Pages that are only accessed on VM-entry or VM-exit are not a problem.
The pages that could be trouble are the ones used to construct a
vmc[sb]02 for an L2 VM that's in VMX non-root mode (guest mode) at the
time of migration. So, for instance, the vmc[sb]12 I/O bitmaps are no
trouble, because we're going to configure the vmc[sb]02 to exit on any
port access. However, the vmc[sb]12 MSR bitmap(s) could be a problem,
since they are used to construct the vmc[sb]02 MSR bitmap(s).
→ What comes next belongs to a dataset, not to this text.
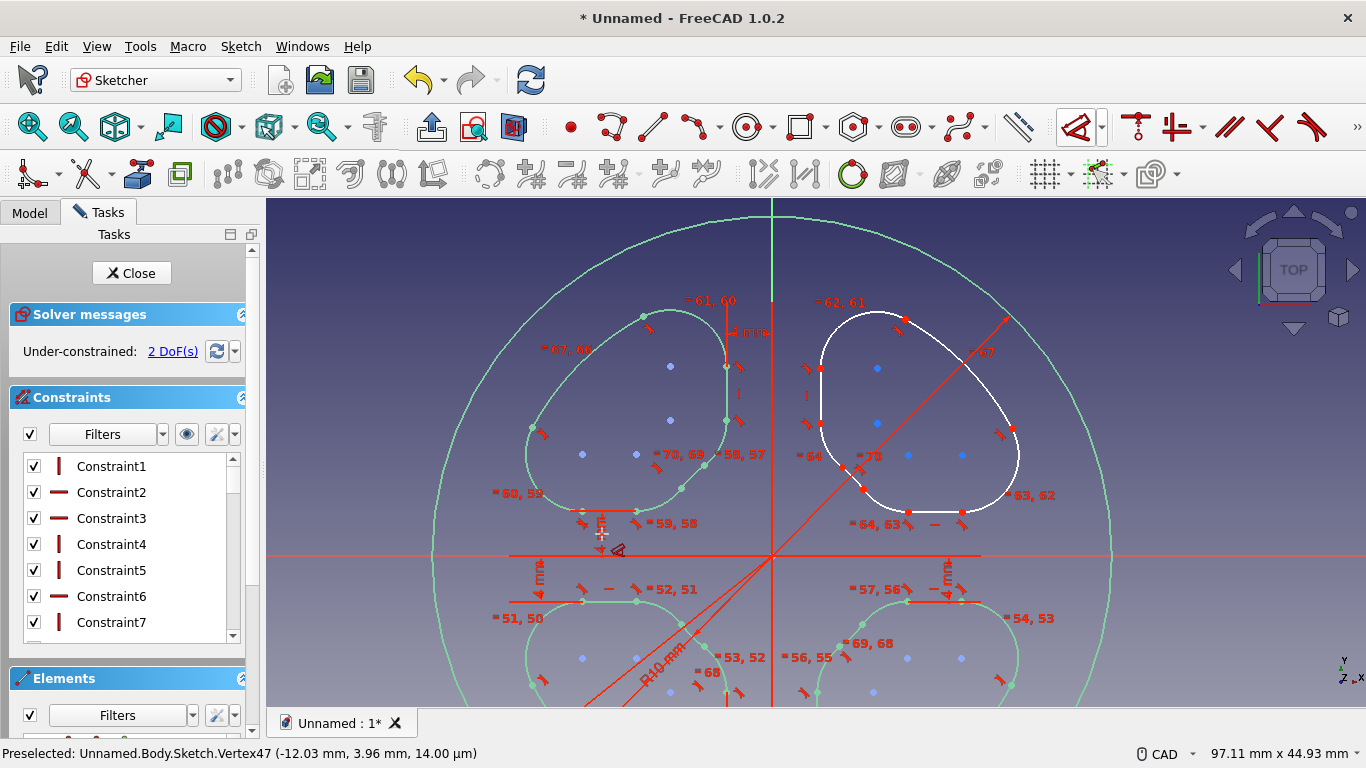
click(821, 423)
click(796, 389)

Also a
potential problem are L1 pages that are directly accessed from the
vmc[sb]02, such as the virtual APIC page.

>
> >
> > > But now, I don't think there are still large areas of MMU that I don't understand,
> > > thus I started asking myself why it is need.
> > >
> > > That request is a ripe source of bugs. Just off my hand, Vitaly spent at least a week
> > > understanding why after vmcb01/02 split, eVMCS stopped working, only to figure out that
> > > KVM_REQ_GET_NESTED_STATE_PAGES might not be called after nested entry since there
> > > could be nested VM exit before we even enter the guest, and since then one more
> > > hack has to be added to work that around (nothing against the hack, its not the
> > > root cause of the problem).
> > >
> > > I also indirectly caused and fixed a CVE like issue, which started
> > >  with the patch that added KVM_REQ_GET_NESTED_STATE_PAGES to SVM -
> > > it made KVM switch to nested msr bitmap
> > > and back then there was no vmcb01/02 split. Problem is that back then
> > > we didn't cancel that request if we have VM exit right after VM entry,
> > > so it would be still pending on VM entry, and it will switch to nested MSR bitmap
> > > even if we are no longer nested - then I added patch to free the nested state
> > > on demand, and boom - we have L1 using freed (and usualy zeroed) MSR bitmap - free
> > > access to all host msrs from L1...
> > >
> > > There is another hidden issue in this request, that it makes it impossible to
> > > handle failure gracefully.
> > >
> > > If for example, loading nested state pages needs to allocate memory and that
> > > fails, we could just fail the nested VM entry if that request wasn't there.
> > > While this is not ideal for the nested guest, it likely to survive, and
> > > might even retry entering the nested guest.
> > >
> > > On the other hand during the request if something fails, nested state is
> > > already loaded, and all we can do is to kill the L1.
> >
> > I apologize for all of that pain.
>
> No problem. IMHO the request was created out of abundance of caution
> (which I understand very well), and back then nobody could predict the issues it will create,
> but as it stands now, it might be better to remove it that keep on adding more code to the mess.
>
> I btw tested the attached patch a bit more and it seems to survive so far.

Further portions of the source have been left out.